**WORK ORDER**
Beginning with the opening line of the entries, return every line through the one containing "- box [690,188,814,376]", both included, and nothing else. Omit pictures.

### TASK INPUTS ###

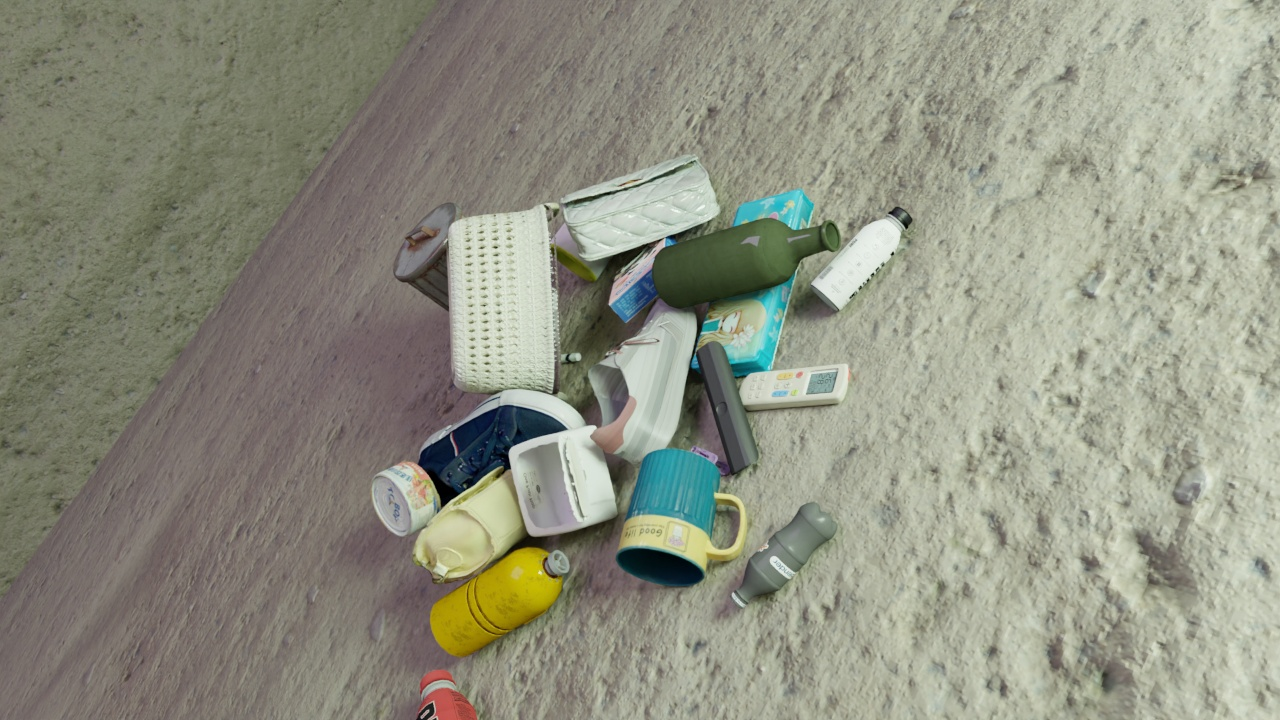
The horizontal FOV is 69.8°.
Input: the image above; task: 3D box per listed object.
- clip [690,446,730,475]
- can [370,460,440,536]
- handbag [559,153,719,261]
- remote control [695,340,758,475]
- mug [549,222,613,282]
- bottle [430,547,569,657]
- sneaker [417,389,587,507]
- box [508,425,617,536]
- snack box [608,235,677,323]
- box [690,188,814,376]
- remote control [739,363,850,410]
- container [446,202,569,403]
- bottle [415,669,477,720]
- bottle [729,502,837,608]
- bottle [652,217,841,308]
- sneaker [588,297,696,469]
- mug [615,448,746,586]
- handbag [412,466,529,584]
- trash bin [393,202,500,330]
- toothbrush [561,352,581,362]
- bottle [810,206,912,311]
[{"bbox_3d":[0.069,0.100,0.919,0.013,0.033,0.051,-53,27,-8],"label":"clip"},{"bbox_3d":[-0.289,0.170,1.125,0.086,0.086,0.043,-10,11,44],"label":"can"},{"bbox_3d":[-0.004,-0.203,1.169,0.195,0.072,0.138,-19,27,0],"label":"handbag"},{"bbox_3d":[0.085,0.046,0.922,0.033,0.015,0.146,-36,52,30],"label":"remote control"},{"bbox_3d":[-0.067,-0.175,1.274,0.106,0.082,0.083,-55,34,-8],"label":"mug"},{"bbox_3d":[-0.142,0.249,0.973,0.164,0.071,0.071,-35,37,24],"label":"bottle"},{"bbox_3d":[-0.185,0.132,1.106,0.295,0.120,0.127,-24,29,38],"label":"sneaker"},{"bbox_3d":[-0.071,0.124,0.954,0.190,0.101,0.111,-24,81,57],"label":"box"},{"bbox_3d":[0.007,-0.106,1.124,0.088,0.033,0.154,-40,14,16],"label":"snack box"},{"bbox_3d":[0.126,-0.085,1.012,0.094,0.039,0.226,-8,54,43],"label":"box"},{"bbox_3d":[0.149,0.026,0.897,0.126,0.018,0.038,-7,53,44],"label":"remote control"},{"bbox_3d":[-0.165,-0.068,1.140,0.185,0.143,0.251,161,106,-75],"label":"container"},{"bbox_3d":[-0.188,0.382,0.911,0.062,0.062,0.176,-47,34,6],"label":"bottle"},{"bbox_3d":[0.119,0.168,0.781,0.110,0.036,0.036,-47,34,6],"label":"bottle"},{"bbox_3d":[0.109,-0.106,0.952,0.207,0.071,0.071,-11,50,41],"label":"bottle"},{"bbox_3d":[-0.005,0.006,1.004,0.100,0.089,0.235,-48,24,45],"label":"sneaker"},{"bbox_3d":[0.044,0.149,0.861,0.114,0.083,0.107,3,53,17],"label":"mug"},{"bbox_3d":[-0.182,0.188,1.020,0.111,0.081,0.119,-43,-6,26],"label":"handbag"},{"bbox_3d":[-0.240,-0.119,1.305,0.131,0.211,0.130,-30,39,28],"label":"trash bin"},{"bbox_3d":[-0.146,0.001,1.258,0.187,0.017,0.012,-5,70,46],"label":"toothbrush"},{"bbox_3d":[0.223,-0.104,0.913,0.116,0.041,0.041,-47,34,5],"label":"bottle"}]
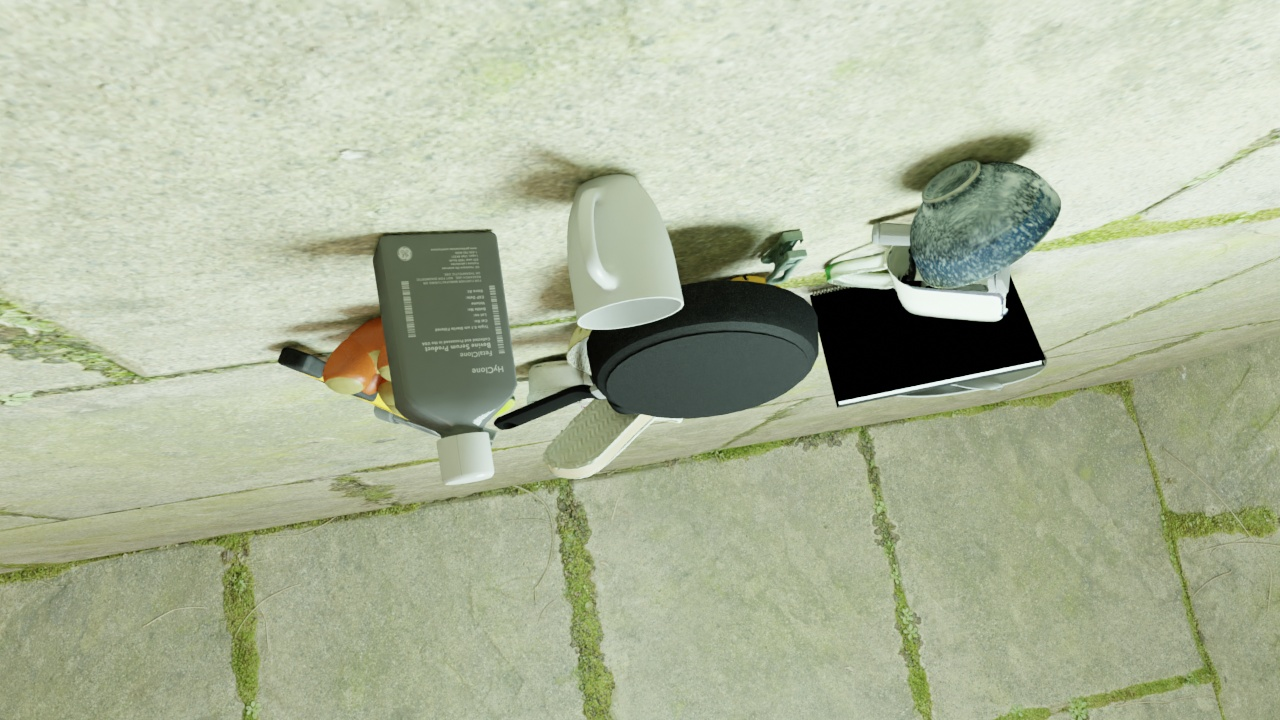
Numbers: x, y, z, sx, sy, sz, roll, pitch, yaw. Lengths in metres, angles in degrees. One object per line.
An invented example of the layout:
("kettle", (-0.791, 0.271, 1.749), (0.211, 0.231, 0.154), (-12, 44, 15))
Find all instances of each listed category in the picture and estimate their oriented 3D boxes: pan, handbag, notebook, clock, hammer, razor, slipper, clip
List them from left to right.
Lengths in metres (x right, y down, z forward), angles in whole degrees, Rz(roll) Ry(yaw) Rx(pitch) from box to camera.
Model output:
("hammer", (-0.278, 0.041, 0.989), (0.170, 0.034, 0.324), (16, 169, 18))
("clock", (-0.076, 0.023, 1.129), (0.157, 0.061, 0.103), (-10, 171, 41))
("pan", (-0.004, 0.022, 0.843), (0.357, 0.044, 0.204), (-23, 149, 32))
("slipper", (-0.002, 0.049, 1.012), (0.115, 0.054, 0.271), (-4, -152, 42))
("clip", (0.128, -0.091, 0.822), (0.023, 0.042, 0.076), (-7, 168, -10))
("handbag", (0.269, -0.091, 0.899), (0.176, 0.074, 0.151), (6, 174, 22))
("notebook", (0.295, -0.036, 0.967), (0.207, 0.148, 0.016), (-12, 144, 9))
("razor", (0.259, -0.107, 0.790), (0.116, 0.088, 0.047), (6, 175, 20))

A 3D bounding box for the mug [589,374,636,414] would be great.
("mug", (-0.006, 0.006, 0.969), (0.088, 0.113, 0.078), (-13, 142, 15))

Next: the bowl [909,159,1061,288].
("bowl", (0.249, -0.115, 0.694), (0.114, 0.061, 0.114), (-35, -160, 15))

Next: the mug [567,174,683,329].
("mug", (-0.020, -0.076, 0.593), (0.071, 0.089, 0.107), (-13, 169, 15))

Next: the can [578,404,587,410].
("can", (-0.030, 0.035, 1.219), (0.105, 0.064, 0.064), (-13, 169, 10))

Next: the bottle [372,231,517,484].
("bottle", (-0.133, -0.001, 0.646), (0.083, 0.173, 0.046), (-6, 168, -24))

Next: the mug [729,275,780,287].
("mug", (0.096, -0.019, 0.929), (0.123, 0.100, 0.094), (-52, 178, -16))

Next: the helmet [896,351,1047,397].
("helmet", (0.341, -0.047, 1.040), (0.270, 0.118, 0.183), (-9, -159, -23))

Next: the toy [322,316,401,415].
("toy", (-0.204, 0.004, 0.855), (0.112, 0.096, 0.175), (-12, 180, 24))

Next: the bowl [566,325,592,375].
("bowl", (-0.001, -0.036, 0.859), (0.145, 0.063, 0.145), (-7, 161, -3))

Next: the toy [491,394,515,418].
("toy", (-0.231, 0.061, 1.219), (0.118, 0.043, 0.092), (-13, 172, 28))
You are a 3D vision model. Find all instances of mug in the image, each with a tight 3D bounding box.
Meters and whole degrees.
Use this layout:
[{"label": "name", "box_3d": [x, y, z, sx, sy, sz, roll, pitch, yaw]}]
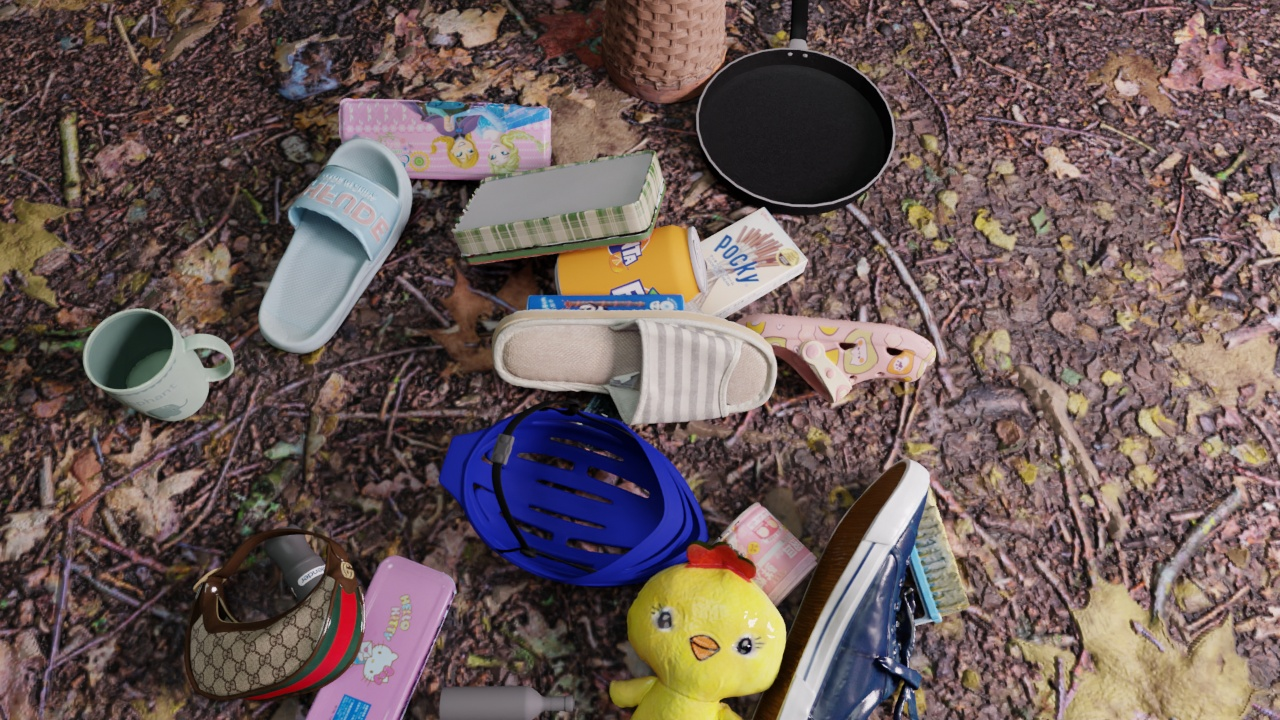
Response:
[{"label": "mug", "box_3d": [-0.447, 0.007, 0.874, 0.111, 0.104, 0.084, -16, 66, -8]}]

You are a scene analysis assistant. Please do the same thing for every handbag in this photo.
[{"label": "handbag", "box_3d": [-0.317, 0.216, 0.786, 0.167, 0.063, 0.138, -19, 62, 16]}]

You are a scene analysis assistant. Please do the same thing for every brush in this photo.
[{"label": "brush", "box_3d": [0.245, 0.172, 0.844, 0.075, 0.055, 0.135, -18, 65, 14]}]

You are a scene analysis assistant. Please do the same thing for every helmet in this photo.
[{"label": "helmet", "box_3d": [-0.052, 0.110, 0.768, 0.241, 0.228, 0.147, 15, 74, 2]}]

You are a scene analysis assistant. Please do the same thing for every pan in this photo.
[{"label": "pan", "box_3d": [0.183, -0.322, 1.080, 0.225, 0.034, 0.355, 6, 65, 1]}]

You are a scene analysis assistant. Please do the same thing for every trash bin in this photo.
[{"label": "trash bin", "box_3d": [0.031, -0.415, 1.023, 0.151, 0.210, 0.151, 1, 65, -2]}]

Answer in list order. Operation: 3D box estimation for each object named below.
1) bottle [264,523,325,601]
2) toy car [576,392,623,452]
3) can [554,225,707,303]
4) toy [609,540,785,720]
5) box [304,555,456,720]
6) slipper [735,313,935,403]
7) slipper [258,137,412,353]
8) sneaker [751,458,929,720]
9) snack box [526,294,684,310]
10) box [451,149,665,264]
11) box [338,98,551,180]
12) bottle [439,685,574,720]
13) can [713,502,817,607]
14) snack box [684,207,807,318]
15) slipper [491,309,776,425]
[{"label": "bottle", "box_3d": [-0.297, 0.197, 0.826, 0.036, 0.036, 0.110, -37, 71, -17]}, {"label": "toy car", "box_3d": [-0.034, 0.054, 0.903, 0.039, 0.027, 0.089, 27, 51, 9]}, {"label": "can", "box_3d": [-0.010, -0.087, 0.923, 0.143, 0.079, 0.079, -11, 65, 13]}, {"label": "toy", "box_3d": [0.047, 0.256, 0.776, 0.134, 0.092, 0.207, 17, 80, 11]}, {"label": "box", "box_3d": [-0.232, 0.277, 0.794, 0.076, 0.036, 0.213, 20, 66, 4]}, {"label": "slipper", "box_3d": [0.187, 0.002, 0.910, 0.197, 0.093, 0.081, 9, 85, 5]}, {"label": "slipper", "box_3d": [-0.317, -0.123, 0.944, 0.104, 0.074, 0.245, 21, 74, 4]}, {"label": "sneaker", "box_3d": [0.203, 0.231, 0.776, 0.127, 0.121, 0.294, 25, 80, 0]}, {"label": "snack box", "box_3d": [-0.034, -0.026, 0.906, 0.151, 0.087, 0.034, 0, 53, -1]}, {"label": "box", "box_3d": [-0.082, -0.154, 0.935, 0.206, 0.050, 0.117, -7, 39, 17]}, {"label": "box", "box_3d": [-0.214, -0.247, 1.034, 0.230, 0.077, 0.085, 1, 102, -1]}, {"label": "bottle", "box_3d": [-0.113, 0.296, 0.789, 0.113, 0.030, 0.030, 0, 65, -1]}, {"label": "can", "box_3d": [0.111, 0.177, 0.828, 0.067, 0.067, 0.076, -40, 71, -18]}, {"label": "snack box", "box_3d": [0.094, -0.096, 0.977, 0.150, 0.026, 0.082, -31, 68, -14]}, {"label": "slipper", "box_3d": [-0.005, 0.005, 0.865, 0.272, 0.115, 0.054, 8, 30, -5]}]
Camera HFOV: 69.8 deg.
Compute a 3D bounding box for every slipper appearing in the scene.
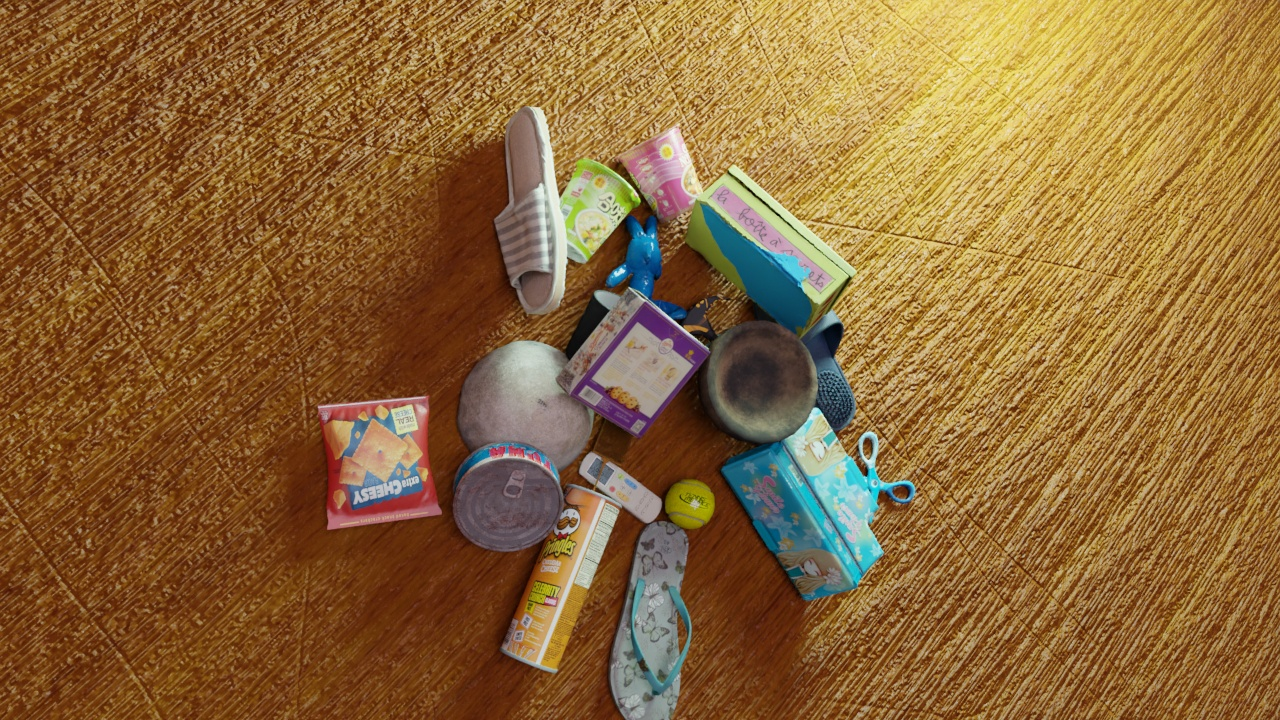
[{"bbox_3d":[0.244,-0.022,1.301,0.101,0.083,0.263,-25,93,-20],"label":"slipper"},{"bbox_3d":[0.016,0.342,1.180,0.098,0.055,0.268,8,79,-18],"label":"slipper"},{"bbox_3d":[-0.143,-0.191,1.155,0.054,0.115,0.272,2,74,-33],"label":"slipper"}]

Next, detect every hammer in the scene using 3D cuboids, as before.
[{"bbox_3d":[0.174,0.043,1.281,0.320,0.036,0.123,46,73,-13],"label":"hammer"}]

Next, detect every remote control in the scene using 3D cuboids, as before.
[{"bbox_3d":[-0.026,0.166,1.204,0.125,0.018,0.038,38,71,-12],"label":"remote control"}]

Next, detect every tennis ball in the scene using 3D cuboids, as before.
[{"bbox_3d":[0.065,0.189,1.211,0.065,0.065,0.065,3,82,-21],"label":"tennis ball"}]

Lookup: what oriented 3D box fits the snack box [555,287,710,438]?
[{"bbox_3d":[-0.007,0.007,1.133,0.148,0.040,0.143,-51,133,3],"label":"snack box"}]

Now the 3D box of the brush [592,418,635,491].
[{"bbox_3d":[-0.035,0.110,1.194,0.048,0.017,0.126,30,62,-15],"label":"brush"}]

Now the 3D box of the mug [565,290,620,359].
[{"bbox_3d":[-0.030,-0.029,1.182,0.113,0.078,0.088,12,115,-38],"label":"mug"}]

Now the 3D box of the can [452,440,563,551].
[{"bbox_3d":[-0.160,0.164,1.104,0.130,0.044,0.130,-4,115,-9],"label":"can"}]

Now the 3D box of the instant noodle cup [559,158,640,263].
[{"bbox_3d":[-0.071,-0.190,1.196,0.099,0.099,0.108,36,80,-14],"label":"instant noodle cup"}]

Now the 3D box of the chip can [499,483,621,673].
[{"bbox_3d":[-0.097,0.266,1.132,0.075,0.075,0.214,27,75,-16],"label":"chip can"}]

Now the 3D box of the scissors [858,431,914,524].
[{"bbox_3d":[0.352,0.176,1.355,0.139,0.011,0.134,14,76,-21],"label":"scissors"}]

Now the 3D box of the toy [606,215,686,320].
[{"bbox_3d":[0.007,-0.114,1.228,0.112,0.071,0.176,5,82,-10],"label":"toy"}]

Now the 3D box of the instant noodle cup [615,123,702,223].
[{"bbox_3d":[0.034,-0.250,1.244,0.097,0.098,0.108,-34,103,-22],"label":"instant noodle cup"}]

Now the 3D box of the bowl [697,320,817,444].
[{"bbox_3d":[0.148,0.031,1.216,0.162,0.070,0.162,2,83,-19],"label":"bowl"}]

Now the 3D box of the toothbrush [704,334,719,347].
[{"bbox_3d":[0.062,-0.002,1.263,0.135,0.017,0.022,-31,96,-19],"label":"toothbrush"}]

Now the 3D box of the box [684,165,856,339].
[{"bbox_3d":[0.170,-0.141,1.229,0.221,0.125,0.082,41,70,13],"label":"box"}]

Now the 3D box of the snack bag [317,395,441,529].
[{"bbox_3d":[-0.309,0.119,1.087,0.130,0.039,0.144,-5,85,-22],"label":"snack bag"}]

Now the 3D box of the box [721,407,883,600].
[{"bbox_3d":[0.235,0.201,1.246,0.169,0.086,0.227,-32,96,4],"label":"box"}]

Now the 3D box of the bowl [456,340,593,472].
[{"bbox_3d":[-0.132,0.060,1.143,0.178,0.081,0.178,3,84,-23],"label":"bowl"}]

###

**WRITTEN RESPONSE**
The horizontal FOV is 69.8°.
Input: the image above; task: 3D box per listed object.
- clip [690,446,730,475]
- can [370,460,440,536]
- handbag [559,153,719,261]
- remote control [695,340,758,475]
- mug [549,222,613,282]
- bottle [430,547,569,657]
- sneaker [417,389,587,507]
- box [508,425,617,536]
- snack box [608,235,677,323]
- box [690,188,814,376]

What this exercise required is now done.